== Segment start ==
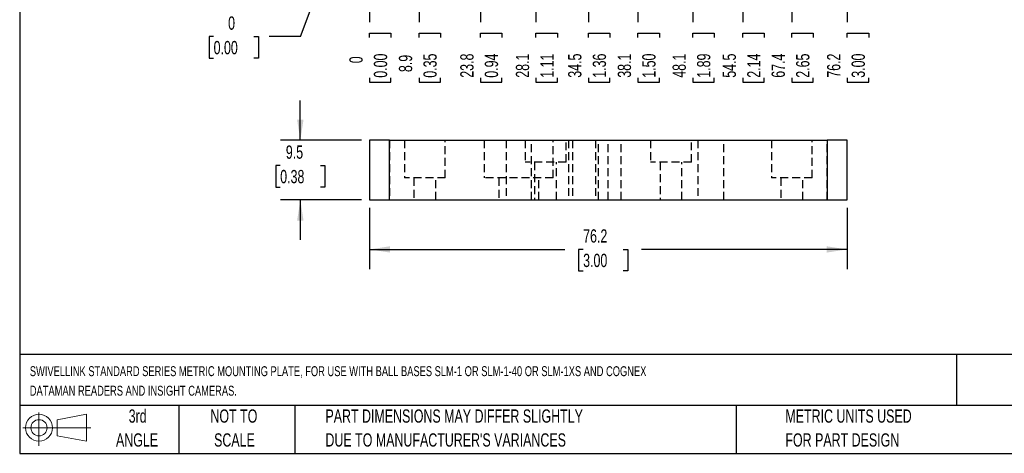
# Model space of a CAD drawing. Header units: millimetres. Extents: x 6 to 273, y 6 to 210.
# Tile 1 of 3: x 6 to 163, y 6 to 76. Entities that reach past the tile are written whole.
import ezdxf

# ---------------------------------------------------------------- set-up
doc = ezdxf.new("R2010")
doc.units = ezdxf.units.MM
doc.linetypes.add('HIDDEN', pattern=[1.905, 1.27, -0.635])
doc.layers.add('DIMENSIONS', color=140, linetype='Continuous', lineweight=25)
doc.layers.add('TEXT', color=140, linetype='Continuous', lineweight=25)
doc.layers.add('HIDDEN', color=102, linetype='HIDDEN')
doc.styles.add('SLDTEXTSTYLE0', font='TXT', dxfattribs={"width": 0.7})
doc.dimstyles.new('SLDDIMSTYLE0', dxfattribs={"dimtxt": 2.158008, "dimasz": 3.302, "dimexe": 0, "dimexo": 0.0625, "dimgap": 0.539502, "dimtad": 0, "dimtih": 1, "dimtoh": 1, "dimdec": 0, "dimrnd": 1e-09, "dimdsep": 46, "dimtxsty": 'SLDTEXTSTYLE0', "dimblk1": 'NONE', "dimblk2": 'NONE', "dimsah": 1, "dimcen": 0.09, "dimadec": 0, "dimazin": 2, "dimtfac": 1, "dimtdec": 0, "dimtofl": 0, "dimtmove": 0, "dimatfit": 3, "dimldrblk": 'NONE', "dimfxl": 0, "dimfrac": 2, "dimtolj": 1, "dimtzin": 12, "dimarcsym": 0})
doc.dimstyles.new('SLDDIMSTYLE1', dxfattribs={"dimtxt": 2.158008, "dimasz": 3.302, "dimexe": 0, "dimexo": 0.0625, "dimgap": 0.539502, "dimtad": 0, "dimtih": 1, "dimtoh": 1, "dimrnd": 1e-09, "dimzin": 12, "dimdsep": 46, "dimtxsty": 'SLDTEXTSTYLE0', "dimblk1": 'NONE', "dimblk2": 'NONE', "dimsah": 1, "dimcen": 0.09, "dimadec": 0, "dimazin": 3, "dimtfac": 1, "dimtofl": 0, "dimtmove": 0, "dimatfit": 3, "dimldrblk": 'NONE', "dimfxl": 0, "dimfrac": 2, "dimtolj": 1, "dimtzin": 12, "dimarcsym": 0})
doc.dimstyles.new('SLDDIMSTYLE3', dxfattribs={"dimtxt": 2.158008, "dimasz": 3.302, "dimexe": 0, "dimexo": 0.0625, "dimgap": 0.539502, "dimtad": 0, "dimtih": 1, "dimtoh": 1, "dimrnd": 1e-09, "dimzin": 12, "dimdsep": 46, "dimtxsty": 'SLDTEXTSTYLE0', "dimsah": 1, "dimcen": 0.09, "dimadec": 0, "dimazin": 3, "dimtfac": 1, "dimtofl": 0, "dimtmove": 0, "dimatfit": 3, "dimfxl": 0, "dimfrac": 2, "dimtolj": 1, "dimtzin": 12, "dimarcsym": 0})
doc.dimstyles.new('SLDDIMSTYLE6', dxfattribs={"dimtxt": 2.158008, "dimasz": 3.302, "dimexe": 0, "dimexo": 0.0625, "dimgap": 0.539502, "dimtad": 0, "dimtih": 1, "dimtoh": 1, "dimrnd": 1e-09, "dimzin": 12, "dimdsep": 46, "dimtxsty": 'SLDTEXTSTYLE0', "dimsah": 1, "dimcen": 0.09, "dimadec": 0, "dimazin": 3, "dimtfac": 1, "dimtmove": 0, "dimatfit": 0, "dimfxl": 0, "dimfrac": 2, "dimtolj": 1, "dimtzin": 12, "dimarcsym": 0})

# ---------------------------------------------------------------- blocks, each defined once
blk = doc.blocks.new('Block11')
at = {"color": 7, "linetype": 'Continuous', "lineweight": 18}
for p, q in [((2.59, 5.31), (2.59, 0)), ((5.48, 4.17), (10.18, 5.03)), ((10.18, 5.03), (10.18, 0.73)), ((5.48, 1.6), (5.48, 4.17)), ((0, 2.88), (10.87, 2.88)), ((5.48, 1.6), (10.18, 0.73))]:
    blk.add_line(p, q, dxfattribs=at)
for radius in [2.15, 1.29]:
    blk.add_circle((2.59, 2.88), radius, dxfattribs=at)
blk = doc.blocks.new('Block12')
at = {"color": 7, "linetype": 'Continuous'}
blk.add_blockref('Block11', (0, 0), dxfattribs=at)
blk = doc.blocks.new('SW_NOTE_0')
at = {"layer": 'TEXT', "color": 0, "char_height": 1.5875, "attachment_point": 1, "style": 'SLDTEXTSTYLE0'}
for s, insert in [('SWIVELLINK STANDARD SERIES METRIC MOUNTING PLATE, FOR USE WITH BALL BASES SLM-1 OR SLM-1-40 OR SLM-1XS AND COGNEX', (0, 2.05)), ('DATAMAN READERS AND INSIGHT CAMERAS.', (0, -1.07))]:
    blk.add_mtext(s, dxfattribs=dict(at, insert=insert))
blk = doc.blocks.new('SW_NOTE_0_3')
at = {"layer": 'TEXT', "color": 0, "char_height": 2.1167, "attachment_point": 1, "style": 'SLDTEXTSTYLE0'}
for s, insert in [('PART DIMENSIONS MAY DIFFER SLIGHTLY', (0, 2.73)), ("DUE TO MANUFACTURER'S VARIANCES", (0, -1.09))]:
    blk.add_mtext(s, dxfattribs=dict(at, insert=insert))
blk = doc.blocks.new('SW_NOTE_0_4')
at = {"layer": 'TEXT', "color": 0, "char_height": 2.117, "attachment_point": 2, "style": 'SLDTEXTSTYLE0'}
for s, insert in [('NOT TO', (5.26, 2.73)), ('SCALE', (5.35, -1.09))]:
    blk.add_mtext(s, dxfattribs=dict(at, insert=insert))
blk = doc.blocks.new('SW_NOTE_0_5')
at = {"layer": 'TEXT', "color": 0, "char_height": 2.117, "attachment_point": 2, "style": 'SLDTEXTSTYLE0'}
for s, insert in [('3rd', (2.32, 2.73)), ('ANGLE', (2.22, -1.09))]:
    blk.add_mtext(s, dxfattribs=dict(at, insert=insert))
blk = doc.blocks.new('SW_NOTE_0_6')
at = {"layer": 'TEXT', "color": 0, "char_height": 2.1167, "attachment_point": 1, "style": 'SLDTEXTSTYLE0'}
for s, insert in [('METRIC UNITS USED', (0, 2.73)), ('FOR PART DESIGN', (0, -1.09))]:
    blk.add_mtext(s, dxfattribs=dict(at, insert=insert))
blk = doc.blocks.new('_D')
at = {"layer": 'DIMENSIONS'}
for p, q in [((51.14, 72.91), (56.14, 86.42)), ((56.14, 86.42), (64.04, 86.42)), ((37.28, 72.91), (36.56, 72.91)), ((36.56, 72.91), (36.56, 69.48)), ((43.7, 72.91), (44.42, 72.91)), ((44.42, 72.91), (44.42, 69.48)), ((51.14, 72.91), (46.14, 72.91)), ((36.56, 69.48), (37.28, 69.48)), ((44.42, 69.48), (43.7, 69.48))]:
    blk.add_line(p, q, dxfattribs=at)
at = {"layer": 'DIMENSIONS', "attachment_point": 1, "style": 'SLDTEXTSTYLE0'}
for s, insert, char_height in [('0', (39.59, 76.13), 2.12), ('0.00', (37.28, 72.21), 2.117)]:
    blk.add_mtext(s, dxfattribs=dict(at, insert=insert, char_height=char_height))
blk = doc.blocks.new('_None')
blk = doc.blocks.new('_D_13')
at = {"layer": 'DIMENSIONS'}
for p, q in [((62.14, 85.19), (62.14, 88.33)), ((62.14, 80.19), (62.14, 85.19)), ((62.14, 80.19), (62.14, 75.19)), ((62.14, 72.75), (62.14, 73.48)), ((62.14, 73.48), (65.57, 73.48)), ((65.57, 73.48), (65.57, 72.75)), ((62.14, 66.34), (62.14, 65.61)), ((65.57, 65.61), (65.57, 66.34)), ((62.14, 65.61), (65.57, 65.61))]:
    blk.add_line(p, q, dxfattribs=at)
at = {"layer": 'DIMENSIONS', "attachment_point": 1, "rotation": 90, "style": 'SLDTEXTSTYLE0'}
for s, insert, char_height in [('0.00', (62.84, 66.34), 2.117), ('0', (58.93, 68.65), 2.12)]:
    blk.add_mtext(s, dxfattribs=dict(at, insert=insert, char_height=char_height))
blk = doc.blocks.new('_D_14')
at = {"layer": 'DIMENSIONS'}
for p, q in [((70.99, 85.19), (70.99, 91.86)), ((70.04, 80.19), (70.99, 85.19)), ((70.04, 80.19), (70.04, 75.19)), ((70.04, 72.75), (70.04, 73.48)), ((70.04, 73.48), (73.47, 73.48)), ((73.47, 73.48), (73.47, 72.75)), ((70.04, 66.34), (70.04, 65.61)), ((73.47, 65.61), (73.47, 66.34)), ((70.04, 65.61), (73.47, 65.61))]:
    blk.add_line(p, q, dxfattribs=at)
at = {"layer": 'DIMENSIONS', "char_height": 2.117, "attachment_point": 1, "rotation": 90, "style": 'SLDTEXTSTYLE0'}
for s, insert in [('8.9', (66.83, 67.24)), ('0.35', (70.74, 66.34))]:
    blk.add_mtext(s, dxfattribs=dict(at, insert=insert))
blk = doc.blocks.new('_D_15')
at = {"layer": 'DIMENSIONS'}
for p, q in [((85.95, 85.19), (85.95, 88.85)), ((79.83, 80.19), (85.95, 85.19)), ((79.83, 80.19), (79.83, 75.19)), ((79.83, 72.75), (79.83, 73.48)), ((79.83, 73.48), (83.26, 73.48)), ((83.26, 73.48), (83.26, 72.75)), ((79.83, 66.34), (79.83, 65.61)), ((83.26, 65.61), (83.26, 66.34)), ((79.83, 65.61), (83.26, 65.61))]:
    blk.add_line(p, q, dxfattribs=at)
at = {"layer": 'DIMENSIONS', "char_height": 2.117, "attachment_point": 1, "rotation": 90, "style": 'SLDTEXTSTYLE0'}
for s, insert in [('23.8', (76.62, 66.34)), ('0.94', (80.53, 66.34))]:
    blk.add_mtext(s, dxfattribs=dict(at, insert=insert))
blk = doc.blocks.new('_D_16')
at = {"layer": 'DIMENSIONS'}
for p, q in [((90.24, 85.19), (90.24, 92.61)), ((88.7, 80.19), (90.24, 85.19)), ((88.7, 80.19), (88.7, 75.19)), ((88.7, 72.75), (88.7, 73.48)), ((88.7, 73.48), (92.13, 73.48)), ((92.13, 73.48), (92.13, 72.75)), ((88.7, 66.34), (88.7, 65.61)), ((92.13, 65.61), (92.13, 66.34)), ((88.7, 65.61), (92.13, 65.61))]:
    blk.add_line(p, q, dxfattribs=at)
at = {"layer": 'DIMENSIONS', "char_height": 2.117, "attachment_point": 1, "rotation": 90, "style": 'SLDTEXTSTYLE0'}
for s, insert in [('28.1', (85.49, 66.34)), ('1.11', (89.4, 66.34))]:
    blk.add_mtext(s, dxfattribs=dict(at, insert=insert))
blk = doc.blocks.new('_D_17')
at = {"layer": 'DIMENSIONS'}
for p, q in [((96.59, 85.19), (96.59, 89.8)), ((97.05, 80.19), (96.59, 85.19)), ((97.05, 80.19), (97.05, 75.19)), ((97.05, 72.75), (97.05, 73.48)), ((97.05, 73.48), (100.48, 73.48)), ((100.48, 73.48), (100.48, 72.75)), ((97.05, 66.34), (97.05, 65.61)), ((100.48, 65.61), (100.48, 66.34)), ((97.05, 65.61), (100.48, 65.61))]:
    blk.add_line(p, q, dxfattribs=at)
at = {"layer": 'DIMENSIONS', "char_height": 2.117, "attachment_point": 1, "rotation": 90, "style": 'SLDTEXTSTYLE0'}
for s, insert in [('34.5', (93.83, 66.34)), ('1.36', (97.75, 66.34))]:
    blk.add_mtext(s, dxfattribs=dict(at, insert=insert))
blk = doc.blocks.new('_D_18')
at = {"layer": 'DIMENSIONS'}
for p, q in [((100.24, 85.19), (100.24, 99.6)), ((104.95, 80.19), (100.24, 85.19)), ((104.95, 80.19), (104.95, 75.19)), ((104.95, 72.75), (104.95, 73.48)), ((104.95, 73.48), (108.38, 73.48)), ((108.38, 73.48), (108.38, 72.75)), ((104.95, 66.34), (104.95, 65.61)), ((108.38, 65.61), (108.38, 66.34)), ((104.95, 65.61), (108.38, 65.61))]:
    blk.add_line(p, q, dxfattribs=at)
at = {"layer": 'DIMENSIONS', "char_height": 2.117, "attachment_point": 1, "rotation": 90, "style": 'SLDTEXTSTYLE0'}
for s, insert in [('38.1', (101.74, 66.34)), ('1.50', (105.65, 66.34))]:
    blk.add_mtext(s, dxfattribs=dict(at, insert=insert))
blk = doc.blocks.new('_D_19')
at = {"layer": 'DIMENSIONS'}
for p, q in [((110.24, 85.19), (110.24, 92.61)), ((113.69, 80.19), (110.24, 85.19)), ((113.69, 80.19), (113.69, 75.19)), ((113.69, 72.75), (113.69, 73.48)), ((113.69, 73.48), (117.12, 73.48)), ((117.12, 73.48), (117.12, 72.75)), ((113.69, 66.34), (113.69, 65.61)), ((117.12, 65.61), (117.12, 66.34)), ((113.69, 65.61), (117.12, 65.61))]:
    blk.add_line(p, q, dxfattribs=at)
at = {"layer": 'DIMENSIONS', "char_height": 2.117, "attachment_point": 1, "rotation": 90, "style": 'SLDTEXTSTYLE0'}
for s, insert in [('48.1', (110.48, 66.34)), ('1.89', (114.39, 66.34))]:
    blk.add_mtext(s, dxfattribs=dict(at, insert=insert))
blk = doc.blocks.new('_D_20')
at = {"layer": 'DIMENSIONS'}
for p, q in [((116.59, 85.19), (116.59, 89.8)), ((121.68, 80.19), (116.59, 85.19)), ((121.68, 80.19), (121.68, 75.19)), ((121.68, 72.75), (121.68, 73.48)), ((121.68, 73.48), (125.11, 73.48)), ((125.11, 73.48), (125.11, 72.75)), ((121.68, 66.34), (121.68, 65.61)), ((125.11, 65.61), (125.11, 66.34)), ((121.68, 65.61), (125.11, 65.61))]:
    blk.add_line(p, q, dxfattribs=at)
at = {"layer": 'DIMENSIONS', "char_height": 2.117, "attachment_point": 1, "rotation": 90, "style": 'SLDTEXTSTYLE0'}
for s, insert in [('54.5', (118.47, 66.34)), ('2.14', (122.39, 66.34))]:
    blk.add_mtext(s, dxfattribs=dict(at, insert=insert))
blk = doc.blocks.new('_D_21')
at = {"layer": 'DIMENSIONS'}
for p, q in [((129.49, 91.86), (129.49, 75.19)), ((129.49, 72.75), (129.49, 73.48)), ((129.49, 73.48), (132.92, 73.48)), ((132.92, 73.48), (132.92, 72.75)), ((129.49, 66.34), (129.49, 65.61)), ((132.92, 65.61), (132.92, 66.34)), ((129.49, 65.61), (132.92, 65.61))]:
    blk.add_line(p, q, dxfattribs=at)
at = {"layer": 'DIMENSIONS', "char_height": 2.117, "attachment_point": 1, "rotation": 90, "style": 'SLDTEXTSTYLE0'}
for s, insert in [('67.4', (126.28, 66.34)), ('2.65', (130.19, 66.34))]:
    blk.add_mtext(s, dxfattribs=dict(at, insert=insert))
blk = doc.blocks.new('_D_22')
at = {"layer": 'DIMENSIONS'}
for p, q in [((138.34, 88.33), (138.34, 75.19)), ((138.34, 72.75), (138.34, 73.48)), ((138.34, 73.48), (141.77, 73.48)), ((141.77, 73.48), (141.77, 72.75)), ((138.34, 66.34), (138.34, 65.61)), ((141.77, 65.61), (141.77, 66.34)), ((138.34, 65.61), (141.77, 65.61))]:
    blk.add_line(p, q, dxfattribs=at)
at = {"layer": 'DIMENSIONS', "char_height": 2.117, "attachment_point": 1, "rotation": 90, "style": 'SLDTEXTSTYLE0'}
for s, insert in [('76.2', (135.13, 66.34)), ('3.00', (139.04, 66.34))]:
    blk.add_mtext(s, dxfattribs=dict(at, insert=insert))
blk = doc.blocks.new('_D_32')
at = {"layer": 'DIMENSIONS'}
for p, q in [((51.11, 56.35), (51.11, 62.7)), ((60.87, 56.35), (47.93, 56.35)), ((47.9, 52.31), (47.18, 52.31)), ((47.18, 52.31), (47.18, 48.88)), ((54.31, 52.31), (55.04, 52.31)), ((55.04, 52.31), (55.04, 48.88)), ((47.18, 48.88), (47.9, 48.88)), ((55.04, 48.88), (54.31, 48.88)), ((60.87, 46.82), (47.93, 46.82)), ((51.11, 46.82), (51.11, 40.47))]:
    blk.add_line(p, q, dxfattribs=at)
for points in [[(51.11, 56.35), (51.62, 59.65), (50.6, 59.65)], [(51.11, 46.82), (50.6, 43.52), (51.62, 43.52)]]:
    blk.add_solid(points, dxfattribs=at)
at = {"layer": 'DIMENSIONS', "char_height": 2.117, "attachment_point": 1, "style": 'SLDTEXTSTYLE0'}
for s, insert in [('9.5', (48.8, 55.52)), ('0.38', (47.9, 51.61))]:
    blk.add_mtext(s, dxfattribs=dict(at, insert=insert))
blk = doc.blocks.new('_D_33')
at = {"layer": 'DIMENSIONS'}
for p, q in [((62.14, 45.55), (62.14, 35.74)), ((138.34, 45.55), (138.34, 35.74)), ((62.14, 38.92), (93.29, 38.92)), ((96.22, 38.92), (95.49, 38.92)), ((95.49, 38.92), (95.49, 35.49)), ((102.63, 38.92), (103.35, 38.92)), ((103.35, 38.92), (103.35, 35.49)), ((138.34, 38.92), (105.55, 38.92)), ((95.49, 35.49), (96.22, 35.49)), ((103.35, 35.49), (102.63, 35.49))]:
    blk.add_line(p, q, dxfattribs=at)
for points in [[(62.14, 38.92), (65.44, 38.41), (65.44, 39.42)], [(138.34, 38.92), (135.04, 39.42), (135.04, 38.41)]]:
    blk.add_solid(points, dxfattribs=at)
at = {"layer": 'DIMENSIONS', "char_height": 2.117, "attachment_point": 1, "style": 'SLDTEXTSTYLE0'}
for s, insert in [('76.2', (96.22, 42.13)), ('3.00', (96.22, 38.22))]:
    blk.add_mtext(s, dxfattribs=dict(at, insert=insert))

msp = doc.modelspace()

# ---------------------------------------------------------------- linework, layer by layer
for p, q in [((62.137, 56.346), (62.137, 46.821)), ((65.312, 56.346), (62.137, 56.346)), ((65.312, 46.821), (65.312, 56.346)), ((65.312, 56.346), (135.162, 56.346)), ((135.162, 56.346), (135.162, 46.821)), ((138.337, 56.346), (135.162, 56.346)), ((138.337, 46.821), (138.337, 56.346)), ((62.137, 46.821), (65.312, 46.821)), ((65.312, 46.821), (135.162, 46.821)), ((135.162, 46.821), (138.337, 46.821))]:
    msp.add_line(p, q)
at = {"layer": 'HIDDEN'}
for p, q in [((65.312, 56.346), (65.312, 46.821)), ((67.737, 56.346), (67.737, 50.346)), ((74.237, 50.346), (74.237, 56.346)), ((80.45, 56.346), (80.45, 50.346)), ((83.931, 56.346), (83.931, 46.821)), ((86.987, 56.346), (86.987, 52.846)), ((87.969, 46.821), (87.969, 56.346)), ((91.45, 50.346), (91.45, 56.346)), ((93.487, 52.846), (93.487, 56.346)), ((93.887, 56.346), (93.887, 46.821)), ((94.52, 56.346), (94.52, 46.821)), ((98.17, 56.346), (98.17, 46.821)), ((98.654, 46.821), (98.654, 56.346)), ((100.237, 46.821), (100.237, 56.346)), ((102.304, 46.821), (102.304, 56.346)), ((106.987, 56.346), (106.987, 52.846)), ((113.487, 52.846), (113.487, 56.346)), ((114.52, 56.346), (114.52, 46.821)), ((118.654, 46.821), (118.654, 56.346)), ((126.237, 56.346), (126.237, 50.346)), ((132.737, 50.346), (132.737, 56.346)), ((135.162, 46.821), (135.162, 56.346)), ((93.487, 52.846), (86.987, 52.846)), ((88.487, 52.846), (88.487, 46.821)), ((91.987, 46.821), (91.987, 52.846)), ((113.487, 52.846), (106.987, 52.846)), ((108.487, 52.846), (108.487, 46.821)), ((111.987, 46.821), (111.987, 52.846)), ((74.237, 50.346), (67.737, 50.346)), ((69.237, 50.346), (69.237, 46.821)), ((72.737, 46.821), (72.737, 50.346)), ((91.45, 50.346), (80.45, 50.346)), ((82.75, 50.346), (82.75, 46.821)), ((89.15, 46.821), (89.15, 50.346)), ((132.737, 50.346), (126.237, 50.346)), ((127.737, 50.346), (127.737, 46.821)), ((131.237, 46.821), (131.237, 50.346))]:
    msp.add_line(p, q, dxfattribs=at)
at = {"layer": 'TEXT'}
for p, q in [((6.35, 209.55), (6.35, 6.35)), ((273.05, 22.126), (6.35, 22.126)), ((155.759, 22.126), (155.759, 13.97)), ((273.05, 13.97), (6.35, 13.97)), ((31.75, 13.97), (31.75, 6.35)), ((50.212, 13.97), (50.212, 6.35)), ((120.646, 13.97), (120.646, 6.35)), ((6.35, 6.35), (273.05, 6.35))]:
    msp.add_line(p, q, dxfattribs=at)

# ---------------------------------------------------------------- block references
for name, p in [('SW_NOTE_0', (7.966, 18.216)), ('Block12', (6.838, 7.554)), ('SW_NOTE_0_5', (22.847, 10.635)), ('SW_NOTE_0_4', (35.257, 10.635)), ('SW_NOTE_0_3', (55.119, 10.635)), ('SW_NOTE_0_6', (128.478, 10.635))]:
    msp.add_blockref(name, p, dxfattribs=at)

# ---------------------------------------------------------------- dimensions: what is measured, and where the dimension line sits
at = {"layer": 'DIMENSIONS'}
for feature_location, offset, dtype, origin, dimstyle, picture, middle in [((100.237, 100.868), (4.712, -25.676), 1, (62.137, 89.6), 'SLDDIMSTYLE1', '_D_18', (104.95, 69.544)), ((90.237, 93.885), (-1.535, -18.693), 1, (62.137, 89.6), 'SLDDIMSTYLE1', '_D_16', (88.702, 69.544)), ((110.237, 93.885), (3.456, -18.693), 1, (62.137, 89.6), 'SLDDIMSTYLE1', '_D_19', (113.693, 69.544)), ((70.987, 93.135), (-0.946, -17.943), 1, (62.137, 89.6), 'SLDDIMSTYLE1', '_D_14', (70.041, 69.544)), ((129.487, 93.135), (0, -17.943), 1, (62.137, 89.6), 'SLDDIMSTYLE1', '_D_21', (129.487, 69.544)), ((62.137427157, 89.59963949), (0, -14.40780846), 1, (62.137427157, 89.59963949), 'SLDDIMSTYLE0', '_D_13', (62.137427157, 69.544446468)), ((96.587, 91.068), (0.458, -15.876), 1, (62.137, 89.6), 'SLDDIMSTYLE1', '_D_17', (97.046, 69.544)), ((116.587, 91.068), (5.098, -15.876), 1, (62.137, 89.6), 'SLDDIMSTYLE1', '_D_20', (121.685, 69.544)), ((85.95, 90.115), (-6.119, -14.924), 1, (62.137, 89.6), 'SLDDIMSTYLE1', '_D_15', (79.831, 69.544)), ((138.337, 89.6), (0, -14.408), 1, (62.137, 89.6), 'SLDDIMSTYLE1', '_D_22', (138.337, 69.544)), ((65.312427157, 86.42463949), (-19.175, -13.511188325), 0, (65.312427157, 86.42463949), 'SLDDIMSTYLE0', '_D', (40.490042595, 72.913451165))]:
    dim = msp.add_ordinate_dim(feature_location=feature_location, offset=offset, dtype=dtype, origin=origin, dimstyle=dimstyle, dxfattribs=at)
    dim.commit()
    dim.dimension.update_dxf_attribs({"geometry": picture, "text_midpoint": middle})
dim = msp.add_linear_dim(base=(51.108245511, 46.821101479), p1=(62.137427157, 56.346101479), p2=(62.137427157, 46.821101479), angle=90, dimstyle='SLDDIMSTYLE6', dxfattribs=at)
dim.commit()
dim.dimension.update_dxf_attribs({"geometry": '_D_32', "text_midpoint": (51.108245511, 52.30740756), "dimtype": 160})
dim = msp.add_linear_dim(base=(138.337, 38.917), p1=(62.137, 46.821), p2=(138.337, 46.821), dimstyle='SLDDIMSTYLE3', dxfattribs=at)
dim.commit()
dim.dimension.update_dxf_attribs({"geometry": '_D_33', "text_midpoint": (99.422, 38.917), "dimtype": 160})

doc.saveas('drawing.dxf')
== Segment end ==
- **Action item**
Could you state how many lines in the entries contain the word "PART"? Reply with nothing but the number.

- **Solved exercise**
2